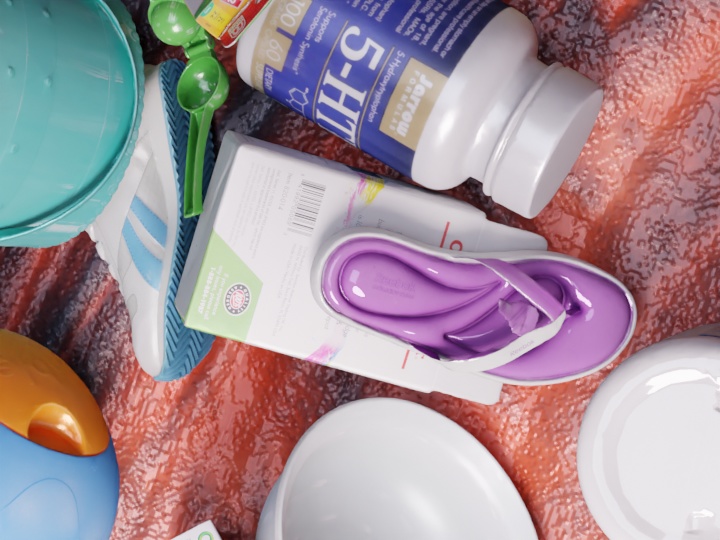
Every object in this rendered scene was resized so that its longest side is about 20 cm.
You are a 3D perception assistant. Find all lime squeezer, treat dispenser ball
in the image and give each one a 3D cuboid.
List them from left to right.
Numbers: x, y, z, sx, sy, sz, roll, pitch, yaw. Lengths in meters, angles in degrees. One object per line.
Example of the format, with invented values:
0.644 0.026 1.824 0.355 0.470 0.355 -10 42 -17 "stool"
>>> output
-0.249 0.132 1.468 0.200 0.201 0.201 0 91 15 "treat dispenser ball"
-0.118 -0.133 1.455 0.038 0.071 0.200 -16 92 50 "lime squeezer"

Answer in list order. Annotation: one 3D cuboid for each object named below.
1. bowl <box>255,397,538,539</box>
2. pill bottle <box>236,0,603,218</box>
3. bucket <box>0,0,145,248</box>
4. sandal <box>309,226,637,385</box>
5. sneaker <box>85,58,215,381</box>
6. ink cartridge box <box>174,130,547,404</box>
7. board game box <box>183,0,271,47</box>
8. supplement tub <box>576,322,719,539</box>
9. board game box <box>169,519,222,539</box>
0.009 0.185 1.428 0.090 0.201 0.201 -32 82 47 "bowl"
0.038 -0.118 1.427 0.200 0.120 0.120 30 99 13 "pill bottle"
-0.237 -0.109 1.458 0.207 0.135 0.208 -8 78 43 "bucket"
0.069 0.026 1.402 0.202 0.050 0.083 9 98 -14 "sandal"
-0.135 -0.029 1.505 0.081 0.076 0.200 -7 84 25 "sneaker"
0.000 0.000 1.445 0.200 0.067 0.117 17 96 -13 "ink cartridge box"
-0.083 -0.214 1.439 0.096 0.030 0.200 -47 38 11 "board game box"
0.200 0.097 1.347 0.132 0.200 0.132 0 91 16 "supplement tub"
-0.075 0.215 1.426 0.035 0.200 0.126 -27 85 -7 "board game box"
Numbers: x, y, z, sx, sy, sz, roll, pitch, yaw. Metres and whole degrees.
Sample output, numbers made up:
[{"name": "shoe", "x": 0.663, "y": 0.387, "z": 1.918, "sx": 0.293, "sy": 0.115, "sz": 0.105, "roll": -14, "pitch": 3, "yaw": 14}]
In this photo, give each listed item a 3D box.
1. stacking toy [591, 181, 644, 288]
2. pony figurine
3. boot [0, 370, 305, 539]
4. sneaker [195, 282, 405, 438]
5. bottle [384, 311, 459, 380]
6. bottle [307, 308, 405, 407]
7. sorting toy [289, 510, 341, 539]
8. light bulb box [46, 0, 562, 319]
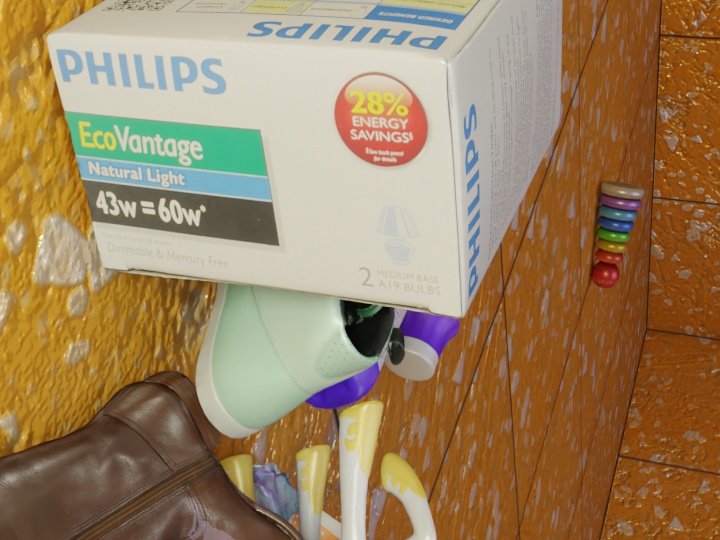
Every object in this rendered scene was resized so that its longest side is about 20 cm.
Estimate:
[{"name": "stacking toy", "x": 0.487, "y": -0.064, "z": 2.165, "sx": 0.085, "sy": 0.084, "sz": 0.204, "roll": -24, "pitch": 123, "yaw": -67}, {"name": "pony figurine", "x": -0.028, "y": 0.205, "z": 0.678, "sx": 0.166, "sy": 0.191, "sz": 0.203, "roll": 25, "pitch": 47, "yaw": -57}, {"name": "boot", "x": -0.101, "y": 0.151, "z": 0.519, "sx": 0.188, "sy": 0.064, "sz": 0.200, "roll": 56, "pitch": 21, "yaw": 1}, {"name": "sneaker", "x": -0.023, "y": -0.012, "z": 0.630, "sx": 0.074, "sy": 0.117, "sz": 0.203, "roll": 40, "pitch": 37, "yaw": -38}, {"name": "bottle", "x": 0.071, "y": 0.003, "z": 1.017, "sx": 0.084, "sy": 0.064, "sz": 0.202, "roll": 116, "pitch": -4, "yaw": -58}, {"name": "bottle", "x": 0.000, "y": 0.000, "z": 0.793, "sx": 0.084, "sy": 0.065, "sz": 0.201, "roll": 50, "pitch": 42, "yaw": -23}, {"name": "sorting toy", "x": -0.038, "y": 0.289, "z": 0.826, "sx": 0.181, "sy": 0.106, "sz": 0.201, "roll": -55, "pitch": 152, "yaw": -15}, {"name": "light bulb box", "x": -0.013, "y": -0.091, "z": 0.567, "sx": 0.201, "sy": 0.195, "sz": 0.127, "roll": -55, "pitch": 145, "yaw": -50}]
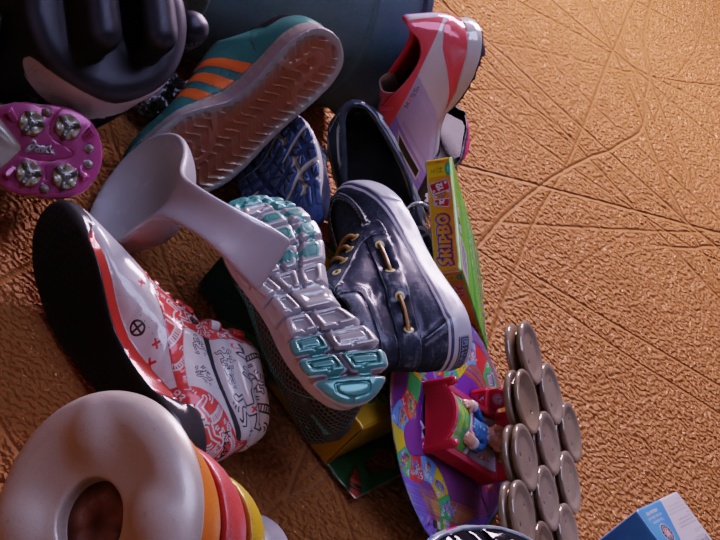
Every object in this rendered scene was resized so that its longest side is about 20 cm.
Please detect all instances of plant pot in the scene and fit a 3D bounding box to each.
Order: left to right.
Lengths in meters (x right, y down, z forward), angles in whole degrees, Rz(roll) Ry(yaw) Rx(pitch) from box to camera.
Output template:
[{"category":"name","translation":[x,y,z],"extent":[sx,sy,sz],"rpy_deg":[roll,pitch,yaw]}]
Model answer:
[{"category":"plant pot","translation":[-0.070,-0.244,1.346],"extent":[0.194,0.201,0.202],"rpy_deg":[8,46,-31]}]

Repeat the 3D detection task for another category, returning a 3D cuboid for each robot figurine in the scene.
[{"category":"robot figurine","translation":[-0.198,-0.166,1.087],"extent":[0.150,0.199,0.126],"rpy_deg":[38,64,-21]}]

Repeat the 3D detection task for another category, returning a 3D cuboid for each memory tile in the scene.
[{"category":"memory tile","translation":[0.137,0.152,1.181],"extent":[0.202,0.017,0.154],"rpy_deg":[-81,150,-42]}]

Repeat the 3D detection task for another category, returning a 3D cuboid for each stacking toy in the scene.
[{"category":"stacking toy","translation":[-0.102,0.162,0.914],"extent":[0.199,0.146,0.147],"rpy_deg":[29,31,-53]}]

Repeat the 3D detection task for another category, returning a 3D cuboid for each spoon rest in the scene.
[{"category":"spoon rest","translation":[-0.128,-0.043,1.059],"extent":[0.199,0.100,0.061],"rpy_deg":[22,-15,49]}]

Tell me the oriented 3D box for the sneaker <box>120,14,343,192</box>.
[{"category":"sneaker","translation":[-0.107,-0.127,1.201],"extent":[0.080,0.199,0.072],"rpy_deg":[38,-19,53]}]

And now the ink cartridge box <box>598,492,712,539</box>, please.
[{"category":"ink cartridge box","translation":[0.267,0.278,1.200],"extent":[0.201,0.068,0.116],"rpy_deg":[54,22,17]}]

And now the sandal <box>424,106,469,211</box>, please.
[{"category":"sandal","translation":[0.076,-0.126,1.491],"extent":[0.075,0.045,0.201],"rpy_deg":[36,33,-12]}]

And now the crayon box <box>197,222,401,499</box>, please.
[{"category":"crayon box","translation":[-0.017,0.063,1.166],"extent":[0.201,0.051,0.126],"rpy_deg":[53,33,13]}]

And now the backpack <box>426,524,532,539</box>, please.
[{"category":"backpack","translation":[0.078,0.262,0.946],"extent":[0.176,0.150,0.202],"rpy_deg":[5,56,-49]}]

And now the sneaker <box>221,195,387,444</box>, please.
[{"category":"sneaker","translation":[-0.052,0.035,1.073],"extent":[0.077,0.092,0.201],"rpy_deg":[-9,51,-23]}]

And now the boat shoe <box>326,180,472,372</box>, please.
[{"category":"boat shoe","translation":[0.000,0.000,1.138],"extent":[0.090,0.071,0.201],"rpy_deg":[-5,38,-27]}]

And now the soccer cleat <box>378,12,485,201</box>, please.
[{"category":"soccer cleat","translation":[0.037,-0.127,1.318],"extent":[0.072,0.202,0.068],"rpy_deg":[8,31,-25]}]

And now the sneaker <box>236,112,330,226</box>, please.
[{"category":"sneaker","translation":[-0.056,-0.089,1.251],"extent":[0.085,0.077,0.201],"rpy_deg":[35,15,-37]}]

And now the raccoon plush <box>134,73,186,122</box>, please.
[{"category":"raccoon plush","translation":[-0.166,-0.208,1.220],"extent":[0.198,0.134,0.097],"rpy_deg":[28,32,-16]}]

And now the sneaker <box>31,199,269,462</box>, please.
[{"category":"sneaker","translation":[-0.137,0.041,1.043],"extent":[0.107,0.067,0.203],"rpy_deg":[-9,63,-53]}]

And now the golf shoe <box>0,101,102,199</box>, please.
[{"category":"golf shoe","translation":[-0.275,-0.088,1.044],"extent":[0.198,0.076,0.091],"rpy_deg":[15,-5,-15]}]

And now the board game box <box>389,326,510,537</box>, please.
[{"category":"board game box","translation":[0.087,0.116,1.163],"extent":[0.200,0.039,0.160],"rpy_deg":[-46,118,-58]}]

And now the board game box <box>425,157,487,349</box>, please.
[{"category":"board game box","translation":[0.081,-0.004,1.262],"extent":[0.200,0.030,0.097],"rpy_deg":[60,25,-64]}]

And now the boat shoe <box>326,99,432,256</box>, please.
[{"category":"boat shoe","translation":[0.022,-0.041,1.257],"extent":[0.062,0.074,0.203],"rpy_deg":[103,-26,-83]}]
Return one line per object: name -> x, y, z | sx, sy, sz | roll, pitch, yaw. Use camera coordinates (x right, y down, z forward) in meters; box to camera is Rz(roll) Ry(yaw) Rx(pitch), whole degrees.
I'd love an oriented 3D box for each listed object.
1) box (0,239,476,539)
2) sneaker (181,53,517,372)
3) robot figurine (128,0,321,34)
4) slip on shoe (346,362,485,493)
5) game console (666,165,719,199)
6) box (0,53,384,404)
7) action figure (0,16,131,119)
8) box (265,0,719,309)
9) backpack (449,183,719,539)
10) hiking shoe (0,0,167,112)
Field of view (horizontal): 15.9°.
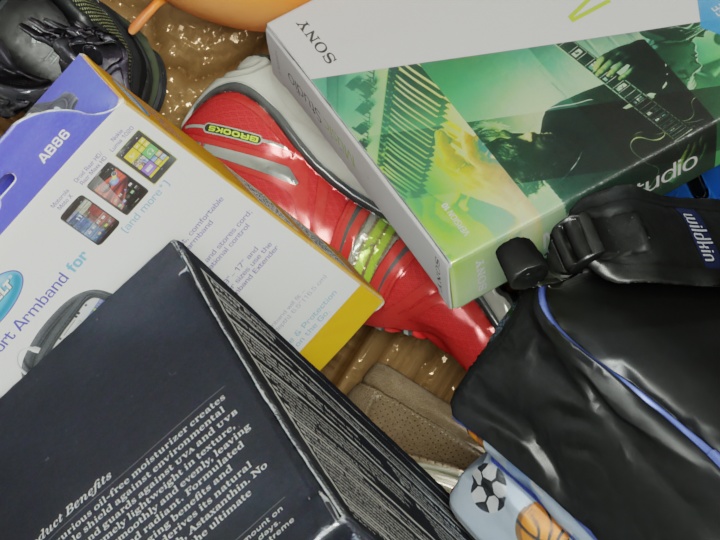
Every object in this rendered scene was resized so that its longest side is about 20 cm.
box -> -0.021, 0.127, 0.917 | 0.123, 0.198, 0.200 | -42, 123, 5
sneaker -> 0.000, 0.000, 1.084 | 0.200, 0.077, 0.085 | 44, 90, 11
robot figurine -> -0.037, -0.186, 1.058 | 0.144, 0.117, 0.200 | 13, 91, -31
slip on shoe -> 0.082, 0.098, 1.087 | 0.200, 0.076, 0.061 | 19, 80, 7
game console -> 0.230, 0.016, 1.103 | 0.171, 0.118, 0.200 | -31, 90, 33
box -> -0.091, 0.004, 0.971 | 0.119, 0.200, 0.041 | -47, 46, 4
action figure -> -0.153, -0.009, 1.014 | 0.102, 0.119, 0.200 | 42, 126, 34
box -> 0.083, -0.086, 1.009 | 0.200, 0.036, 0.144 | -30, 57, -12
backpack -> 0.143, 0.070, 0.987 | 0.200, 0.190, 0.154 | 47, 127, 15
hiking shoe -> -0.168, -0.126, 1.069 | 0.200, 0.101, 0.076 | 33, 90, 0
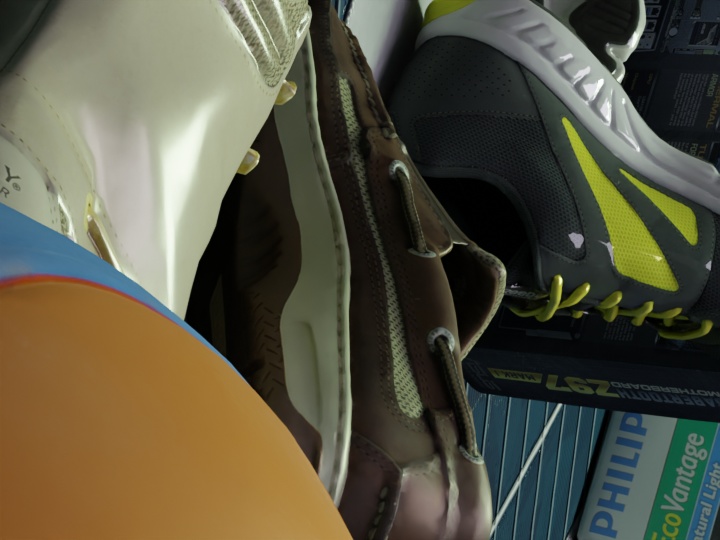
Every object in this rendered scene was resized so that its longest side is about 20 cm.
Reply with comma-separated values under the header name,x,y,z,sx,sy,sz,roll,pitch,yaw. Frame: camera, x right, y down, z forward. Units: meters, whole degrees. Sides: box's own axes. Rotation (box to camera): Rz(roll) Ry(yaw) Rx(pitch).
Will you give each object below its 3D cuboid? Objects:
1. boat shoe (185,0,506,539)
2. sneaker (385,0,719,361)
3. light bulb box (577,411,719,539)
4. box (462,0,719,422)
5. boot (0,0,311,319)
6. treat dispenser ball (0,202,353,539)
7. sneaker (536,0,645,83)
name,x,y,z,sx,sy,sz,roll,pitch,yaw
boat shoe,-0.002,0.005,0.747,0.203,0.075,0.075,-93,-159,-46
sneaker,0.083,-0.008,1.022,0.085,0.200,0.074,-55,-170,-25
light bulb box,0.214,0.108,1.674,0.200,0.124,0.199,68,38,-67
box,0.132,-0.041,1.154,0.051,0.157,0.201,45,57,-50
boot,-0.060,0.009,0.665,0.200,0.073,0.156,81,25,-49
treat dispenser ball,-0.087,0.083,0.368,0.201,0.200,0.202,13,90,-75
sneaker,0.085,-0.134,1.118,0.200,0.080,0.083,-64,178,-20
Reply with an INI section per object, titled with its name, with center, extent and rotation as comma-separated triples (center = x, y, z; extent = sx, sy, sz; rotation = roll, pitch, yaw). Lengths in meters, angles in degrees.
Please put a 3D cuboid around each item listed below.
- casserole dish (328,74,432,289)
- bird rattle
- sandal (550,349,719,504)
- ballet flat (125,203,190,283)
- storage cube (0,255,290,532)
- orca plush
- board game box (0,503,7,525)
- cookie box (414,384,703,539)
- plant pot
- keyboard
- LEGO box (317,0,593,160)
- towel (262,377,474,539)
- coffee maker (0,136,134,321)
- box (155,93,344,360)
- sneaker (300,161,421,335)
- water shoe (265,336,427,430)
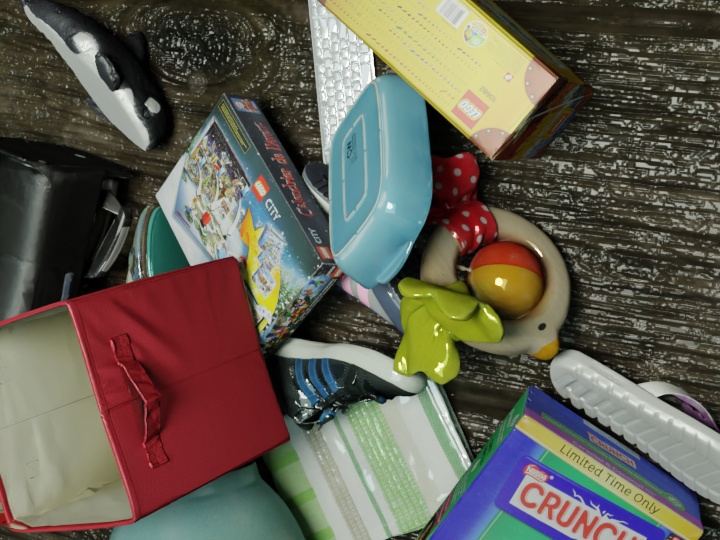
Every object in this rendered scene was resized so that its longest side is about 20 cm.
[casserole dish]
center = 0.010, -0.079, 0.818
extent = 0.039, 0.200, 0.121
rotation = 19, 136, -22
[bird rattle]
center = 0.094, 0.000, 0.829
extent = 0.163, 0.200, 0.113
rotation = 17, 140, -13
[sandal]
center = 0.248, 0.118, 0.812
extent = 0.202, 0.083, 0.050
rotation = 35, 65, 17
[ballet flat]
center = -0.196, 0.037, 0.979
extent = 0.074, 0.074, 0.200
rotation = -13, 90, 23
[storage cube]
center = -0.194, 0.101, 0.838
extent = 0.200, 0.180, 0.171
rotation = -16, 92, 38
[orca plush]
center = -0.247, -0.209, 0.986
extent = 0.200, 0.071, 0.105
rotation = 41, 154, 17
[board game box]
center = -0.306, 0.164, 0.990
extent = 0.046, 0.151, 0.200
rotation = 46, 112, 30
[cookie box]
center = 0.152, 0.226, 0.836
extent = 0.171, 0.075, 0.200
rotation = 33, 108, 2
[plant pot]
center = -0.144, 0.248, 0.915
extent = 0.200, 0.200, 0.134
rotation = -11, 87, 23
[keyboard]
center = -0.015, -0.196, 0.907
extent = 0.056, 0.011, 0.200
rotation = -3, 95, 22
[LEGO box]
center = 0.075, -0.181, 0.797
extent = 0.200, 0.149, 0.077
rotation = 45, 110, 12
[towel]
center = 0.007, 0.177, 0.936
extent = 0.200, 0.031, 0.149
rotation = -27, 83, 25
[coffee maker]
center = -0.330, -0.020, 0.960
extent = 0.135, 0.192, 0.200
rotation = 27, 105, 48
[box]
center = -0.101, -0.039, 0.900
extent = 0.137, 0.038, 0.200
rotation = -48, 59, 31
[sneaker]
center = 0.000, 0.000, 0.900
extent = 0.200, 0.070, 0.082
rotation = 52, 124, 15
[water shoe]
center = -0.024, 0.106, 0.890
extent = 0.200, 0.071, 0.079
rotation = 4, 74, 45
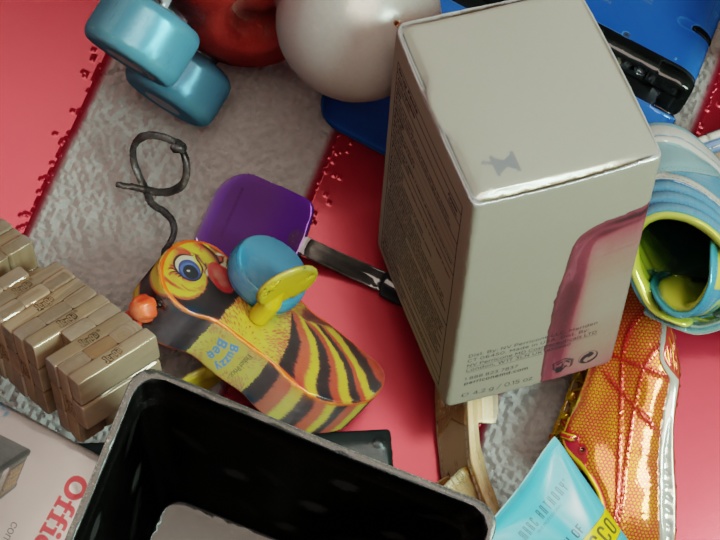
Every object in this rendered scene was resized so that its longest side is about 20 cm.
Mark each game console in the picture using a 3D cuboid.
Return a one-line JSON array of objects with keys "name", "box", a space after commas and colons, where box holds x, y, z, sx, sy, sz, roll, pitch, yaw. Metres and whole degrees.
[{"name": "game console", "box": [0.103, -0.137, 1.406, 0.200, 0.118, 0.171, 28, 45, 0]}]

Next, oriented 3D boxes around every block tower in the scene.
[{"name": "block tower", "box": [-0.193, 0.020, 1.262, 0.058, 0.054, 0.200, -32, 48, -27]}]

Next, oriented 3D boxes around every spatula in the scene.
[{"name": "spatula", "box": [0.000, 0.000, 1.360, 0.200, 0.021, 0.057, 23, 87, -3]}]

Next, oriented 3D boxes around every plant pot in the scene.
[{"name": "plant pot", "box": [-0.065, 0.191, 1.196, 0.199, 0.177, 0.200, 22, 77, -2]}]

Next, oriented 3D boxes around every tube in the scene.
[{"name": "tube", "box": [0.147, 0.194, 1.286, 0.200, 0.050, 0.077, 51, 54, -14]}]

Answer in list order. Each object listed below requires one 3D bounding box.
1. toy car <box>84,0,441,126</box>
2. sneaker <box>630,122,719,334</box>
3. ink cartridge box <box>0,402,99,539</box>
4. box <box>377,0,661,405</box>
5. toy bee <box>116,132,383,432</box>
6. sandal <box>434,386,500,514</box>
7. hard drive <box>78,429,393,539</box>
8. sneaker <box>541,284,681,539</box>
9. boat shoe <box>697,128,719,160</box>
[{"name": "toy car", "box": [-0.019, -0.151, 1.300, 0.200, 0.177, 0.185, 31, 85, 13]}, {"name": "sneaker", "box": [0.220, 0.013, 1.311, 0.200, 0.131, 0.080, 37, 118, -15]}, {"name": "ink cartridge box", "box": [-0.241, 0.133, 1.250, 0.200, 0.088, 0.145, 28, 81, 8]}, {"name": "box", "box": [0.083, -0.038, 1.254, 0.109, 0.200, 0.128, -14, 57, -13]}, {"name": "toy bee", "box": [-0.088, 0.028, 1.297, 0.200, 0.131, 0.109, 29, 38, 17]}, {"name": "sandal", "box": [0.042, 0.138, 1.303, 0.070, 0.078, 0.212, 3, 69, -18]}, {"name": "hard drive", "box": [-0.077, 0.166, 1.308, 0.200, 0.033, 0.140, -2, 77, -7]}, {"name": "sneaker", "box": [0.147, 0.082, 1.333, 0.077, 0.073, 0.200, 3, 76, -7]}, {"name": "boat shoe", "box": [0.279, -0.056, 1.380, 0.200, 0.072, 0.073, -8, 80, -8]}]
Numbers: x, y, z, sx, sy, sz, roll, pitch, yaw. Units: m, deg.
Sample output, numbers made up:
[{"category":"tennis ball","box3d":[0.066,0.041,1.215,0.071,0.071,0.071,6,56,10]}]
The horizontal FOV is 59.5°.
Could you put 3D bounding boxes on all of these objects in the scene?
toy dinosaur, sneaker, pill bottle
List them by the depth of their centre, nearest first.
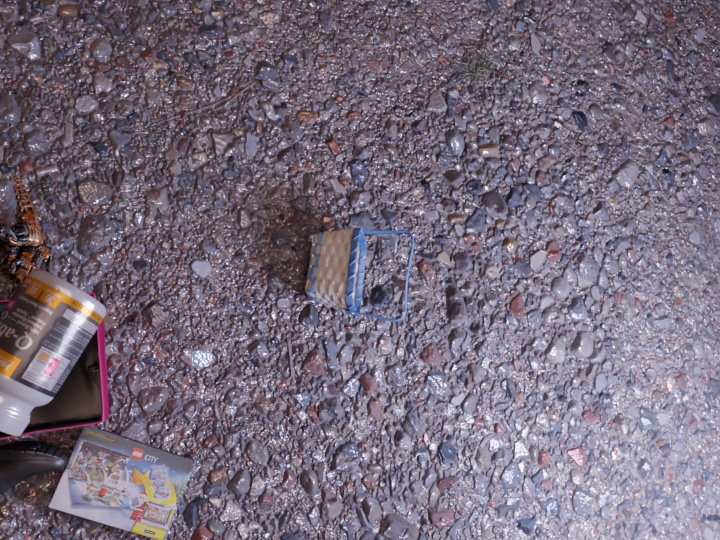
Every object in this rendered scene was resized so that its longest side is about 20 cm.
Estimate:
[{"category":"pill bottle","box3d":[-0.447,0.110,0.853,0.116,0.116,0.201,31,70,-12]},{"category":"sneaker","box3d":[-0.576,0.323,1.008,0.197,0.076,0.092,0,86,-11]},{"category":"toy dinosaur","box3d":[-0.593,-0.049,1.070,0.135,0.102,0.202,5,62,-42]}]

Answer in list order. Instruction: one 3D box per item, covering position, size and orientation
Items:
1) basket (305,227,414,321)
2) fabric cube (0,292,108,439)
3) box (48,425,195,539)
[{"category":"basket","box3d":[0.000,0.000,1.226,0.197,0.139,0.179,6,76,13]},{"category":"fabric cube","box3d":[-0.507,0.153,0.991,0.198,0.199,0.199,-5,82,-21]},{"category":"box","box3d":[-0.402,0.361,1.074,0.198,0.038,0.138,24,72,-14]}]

— Exercise goal —
Using the records above, set down exactly the lines from the one with "3) robot figurine (128,0,321,34)" through the one with "Field of view (horizontal): 15.9°.", inclusive, and nothing more.

— Response to this task —
3) robot figurine (128,0,321,34)
4) slip on shoe (346,362,485,493)
5) game console (666,165,719,199)
6) box (0,53,384,404)
7) action figure (0,16,131,119)
8) box (265,0,719,309)
9) backpack (449,183,719,539)
10) hiking shoe (0,0,167,112)
Field of view (horizontal): 15.9°.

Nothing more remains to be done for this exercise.